The present paper reported a direct comparison between visual exploration with the head-fixed condition and visual exploration with the head freely moving. Most notably, the direction, velocity, and angular variance of the eyes relative to the head seemed to be remarkably stable regardless of whether the head was restrained. This is an encouraging finding for the generalizability of head-fixed eye tracking experiments. In addition, the contributions of head and eyes with free head movements also depend on the observer’s task. When a participant has to focus on additional tasks, e.g., locating a target in the environment, actively interact with object in the environment (Land & Hayhoe, 2001; Land & Tatler, 2009), or navigate through an environment (e.g., Foulsham et al., 2011), then the head may be under more deliberate cognitive control.

The present tutorial was concerned exclusively with the exploration of static 360° panoramas. Although observers were seated in a stationary chair, recent work indicates that the key analyses and findings extend to when a person is seated in a swivel chair or is standing (Mehrotra et al., 2024) although, overall, more of the panorama is generally explored. Similarly, we expect that with some additions, the methods described here can be extended to dynamic panoramas (i.e., panoramas that change over time). Such stimuli can be produced by projecting 360° movies rather than static images onto the virtual sphere surrounding the participants (see for example, 360cities, n.d.).

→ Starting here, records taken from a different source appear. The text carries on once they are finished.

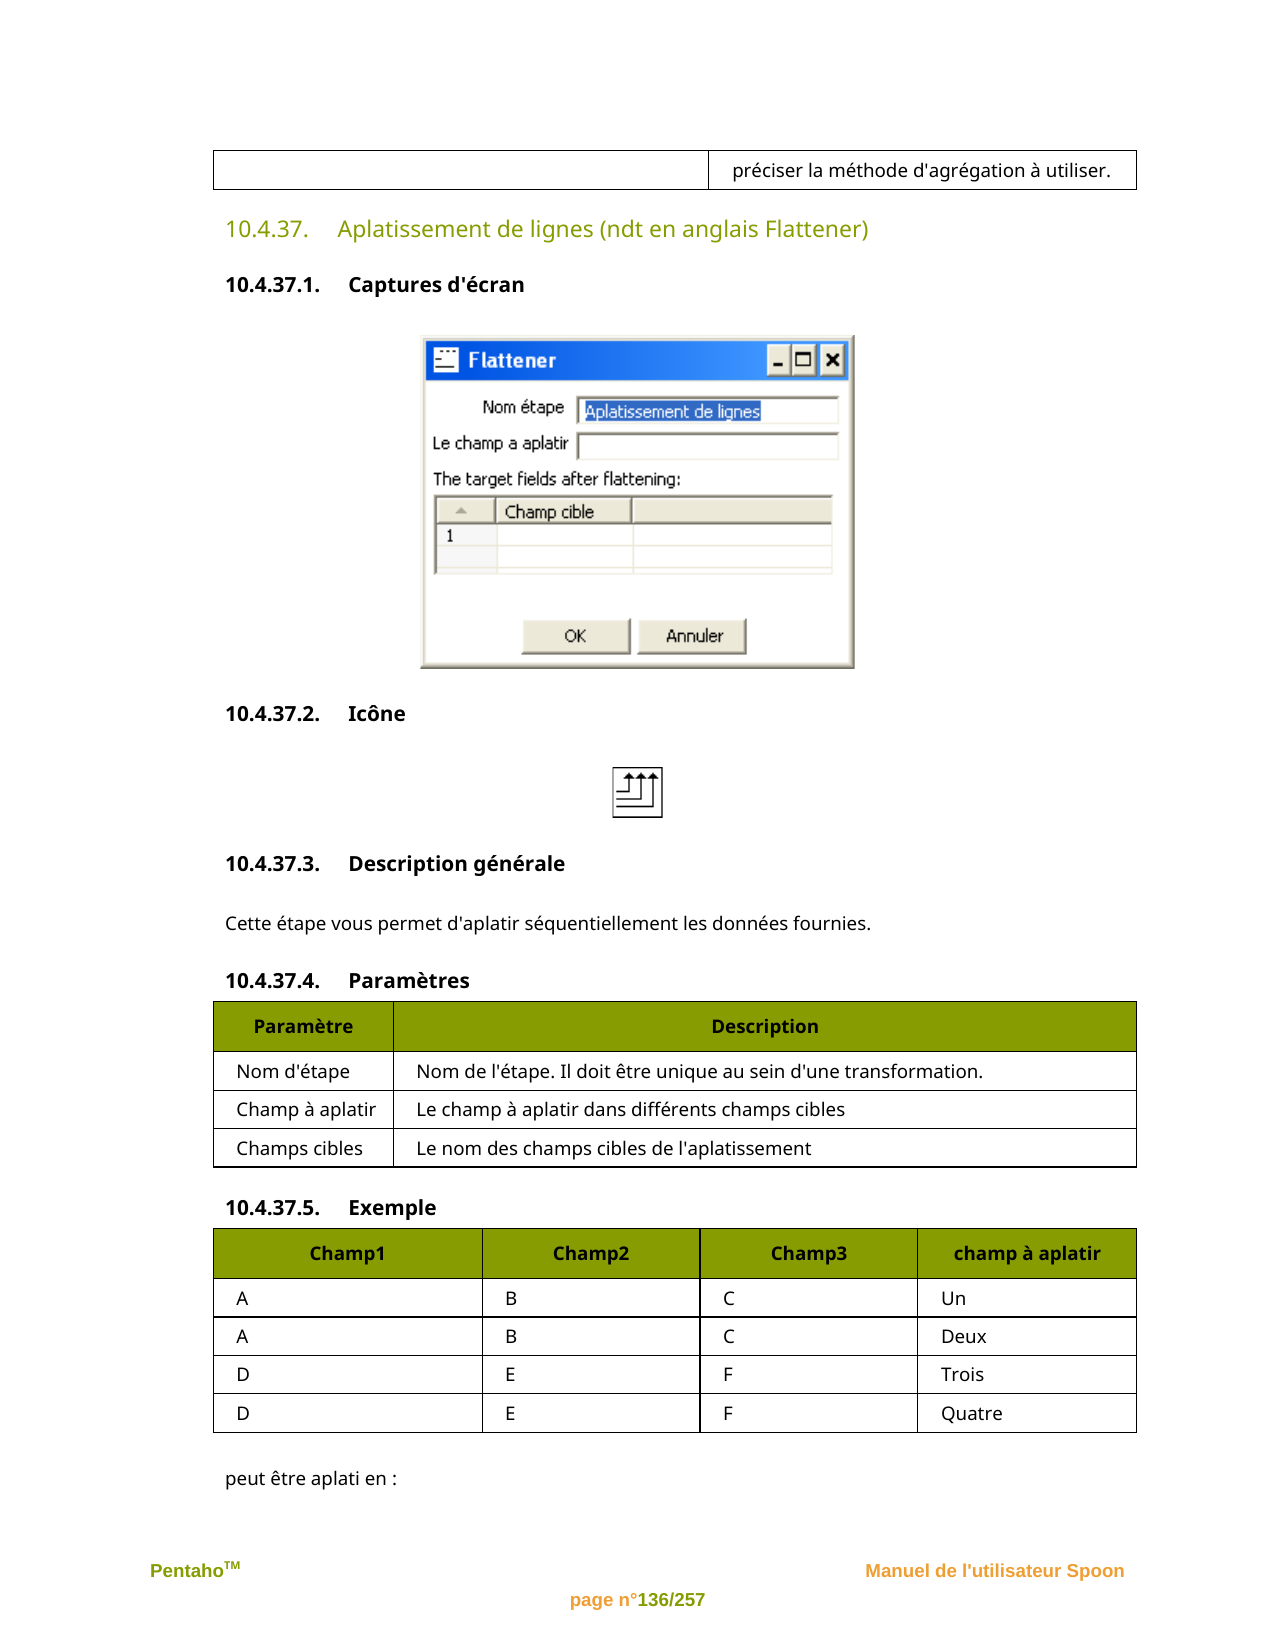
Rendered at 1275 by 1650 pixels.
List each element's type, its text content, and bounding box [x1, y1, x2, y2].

subtitle Paramètres [225, 966, 1125, 995]
subtitle Icône [225, 699, 1125, 727]
table_cell Champs cibles [214, 1129, 393, 1166]
subtitle Aplatissement de lignes (ndt en anglais Flattener) [225, 214, 1125, 244]
table_cell Trois [918, 1356, 1136, 1393]
table_header Champ2 [483, 1229, 699, 1278]
table_cell A [214, 1318, 482, 1355]
table_header Paramètre [214, 1002, 393, 1051]
text Cette étape vous permet d'aplatir séquentiellement les données fournies. [225, 907, 1125, 936]
subtitle Captures d'écran [225, 269, 1125, 298]
table_cell Deux [918, 1318, 1136, 1355]
table_cell Champ à aplatir [214, 1091, 393, 1128]
table_cell Quatre [918, 1394, 1136, 1432]
subtitle Exemple [225, 1192, 1125, 1222]
table_cell A [214, 1279, 482, 1316]
table_cell C [701, 1318, 917, 1355]
table_cell C [701, 1279, 917, 1316]
table_cell B [483, 1279, 699, 1316]
table_header Champ1 [214, 1229, 482, 1278]
table_cell Le champ à aplatir dans différents champs cibles [394, 1091, 1136, 1128]
table_header Champ3 [701, 1229, 917, 1278]
table_header Description [394, 1002, 1136, 1051]
table_cell D [214, 1394, 482, 1432]
subtitle Description générale [225, 849, 1125, 877]
table_header champ à aplatir [918, 1229, 1136, 1278]
text peut être aplati en : [225, 1462, 1125, 1491]
picture [612, 767, 663, 818]
table_cell Un [918, 1279, 1136, 1316]
table_cell F [701, 1356, 917, 1393]
picture [420, 335, 855, 669]
table_cell B [483, 1318, 699, 1355]
table_cell Nom d'étape [214, 1052, 393, 1089]
table_cell E [483, 1394, 699, 1432]
table_cell D [214, 1356, 482, 1393]
table_cell F [701, 1394, 917, 1432]
table_cell [214, 151, 708, 188]
table_cell E [483, 1356, 699, 1393]
table_cell Nom de l'étape. Il doit être unique au sein d'une transformation. [394, 1052, 1136, 1089]
table_cell Le nom des champs cibles de l'aplatissement [394, 1129, 1136, 1166]
table_cell préciser la méthode d'agrégation à utiliser. [709, 151, 1136, 188]
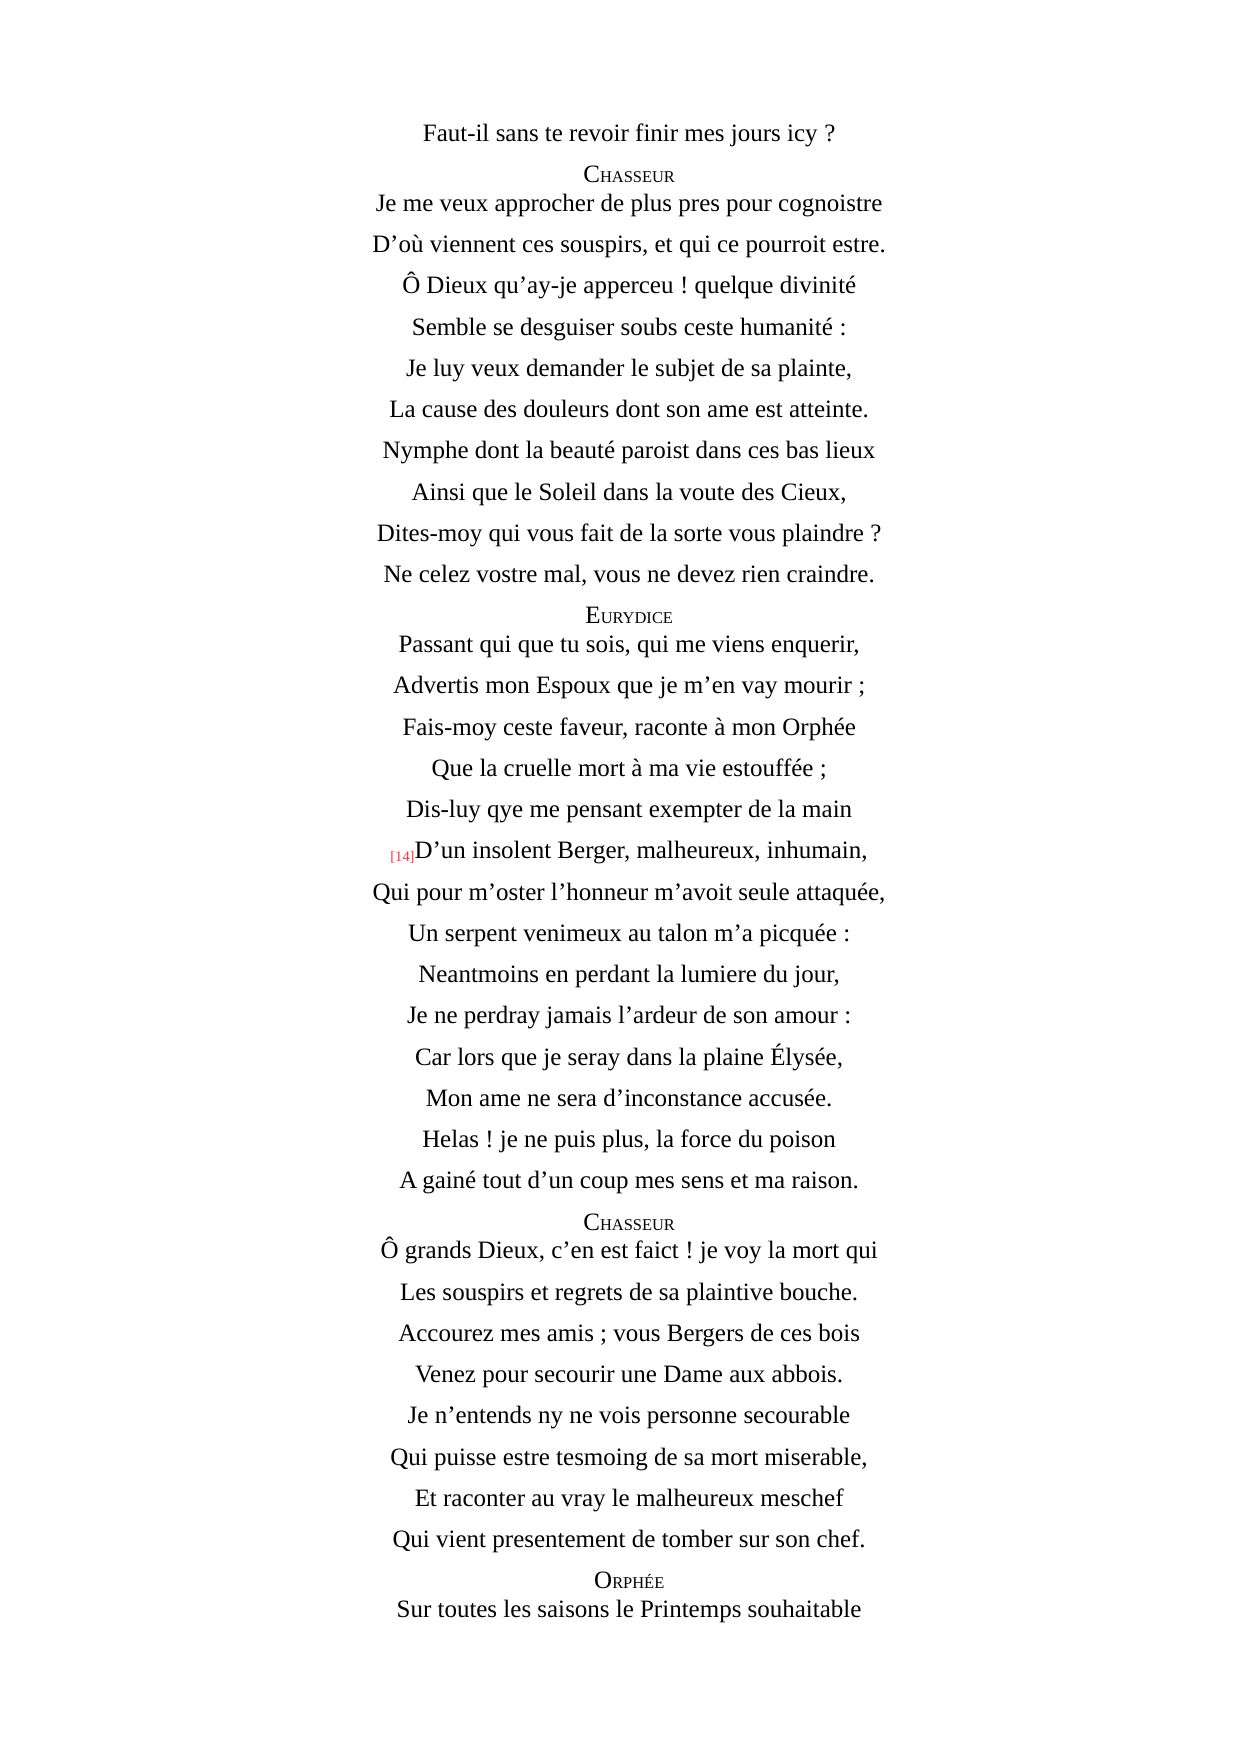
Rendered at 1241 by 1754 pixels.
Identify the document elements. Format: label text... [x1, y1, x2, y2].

text Helas ! je ne puis plus, la force du poison [118, 1124, 1122, 1153]
text Nymphe dont la beauté paroist dans ces bas lieux [118, 436, 1122, 464]
text Je n’entends ny ne vois personne secourable [118, 1401, 1122, 1429]
text Dis-luy qye me pensant exempter de la main [118, 794, 1122, 823]
text Semble se desguiser soubs ceste humanité : [118, 312, 1122, 341]
text Que la cruelle mort à ma vie estouffée ; [118, 753, 1122, 782]
text Je luy veux demander le subjet de sa plainte, [118, 353, 1122, 382]
text Passant qui que tu sois, qui me viens enquerir, [118, 629, 1122, 658]
text Ne celez vostre mal, vous ne devez rien craindre. [118, 559, 1122, 588]
text Un serpent venimeux au talon m’a picquée : [118, 918, 1122, 947]
text Ô Dieux qu’ay-je apperceu ! quelque divinité [118, 271, 1122, 299]
text Dites-moy qui vous fait de la sorte vous plaindre ? [118, 518, 1122, 547]
text Je ne perdray jamais l’ardeur de son amour : [118, 1001, 1122, 1029]
text Chasseur [118, 1207, 1122, 1236]
text Qui pour m’oster l’honneur m’avoit seule attaquée, [118, 877, 1122, 906]
text Fais-moy ceste faveur, raconte à mon Orphée [118, 712, 1122, 741]
text Advertis mon Espoux que je m’en vay mourir ; [118, 671, 1122, 699]
text Ô grands Dieux, c’en est faict ! je voy la mort qui [118, 1236, 1122, 1264]
text Ainsi que le Soleil dans la voute des Cieux, [118, 477, 1122, 506]
text Et raconter au vray le malheureux meschef [118, 1483, 1122, 1512]
text Sur toutes les saisons le Printemps souhaitable [118, 1594, 1122, 1623]
text Accourez mes amis ; vous Bergers de ces bois [118, 1318, 1122, 1347]
text Faut-il sans te revoir finir mes jours icy ? [118, 118, 1122, 147]
text Mon ame ne sera d’inconstance accusée. [118, 1083, 1122, 1112]
text Orphée [118, 1566, 1122, 1594]
text Qui puisse estre tesmoing de sa mort miserable, [118, 1442, 1122, 1471]
text Les souspirs et regrets de sa plaintive bouche. [118, 1277, 1122, 1306]
text Chasseur [118, 159, 1122, 188]
text [14]D’un insolent Berger, malheureux, inhumain, [118, 836, 1122, 864]
text Neantmoins en perdant la lumiere du jour, [118, 959, 1122, 988]
text Eurydice [118, 601, 1122, 629]
text D’où viennent ces souspirs, et qui ce pourroit estre. [118, 229, 1122, 258]
text A gainé tout d’un coup mes sens et ma raison. [118, 1166, 1122, 1194]
text Qui vient presentement de tomber sur son chef. [118, 1524, 1122, 1553]
text Venez pour secourir une Dame aux abbois. [118, 1359, 1122, 1388]
text La cause des douleurs dont son ame est atteinte. [118, 394, 1122, 423]
text Car lors que je seray dans la plaine Élysée, [118, 1042, 1122, 1071]
text Je me veux approcher de plus pres pour cognoistre [118, 188, 1122, 217]

To deal with the dynamic stimulation and addition of smooth-pursuit eye movements, the algorithm for detecting ocular events (Method) will need to be expanded (e.g., by adapting the algorithms proposed by Dar et al., 2021; Komogortsev & Karpov, 2013), possibly by relating eye and head movements to local motions in the panoramas (see e.g., Chapel & Bouwmans, 2020). If one knows what objects are being introduced into the dynamic environment, then this should be relatively straight-forward. If not, then at this moment, it is not yet possible to recognize and identify objects in a scene automatically, although the technology on this front is making rapid progress. Regardless, the analyses of head, eyes-in-head, and eyes-in-space will be comparable to those presented here. On a similar note, the principles of eye and head analysis can also be extended to VR environments in which the observer is free to locomote within a dynamic environment.

In summary, the analysis of eye movements in dynamic panoramas is an exciting avenue for future research. We hope that this tutorial has provided the reader with an overview of the analytical tools to study head and eye movements, not only in the exploration of 360° panoramas, but also in more general settings and empower them to create their own analyses to answer the unique questions about eye movements that emerge.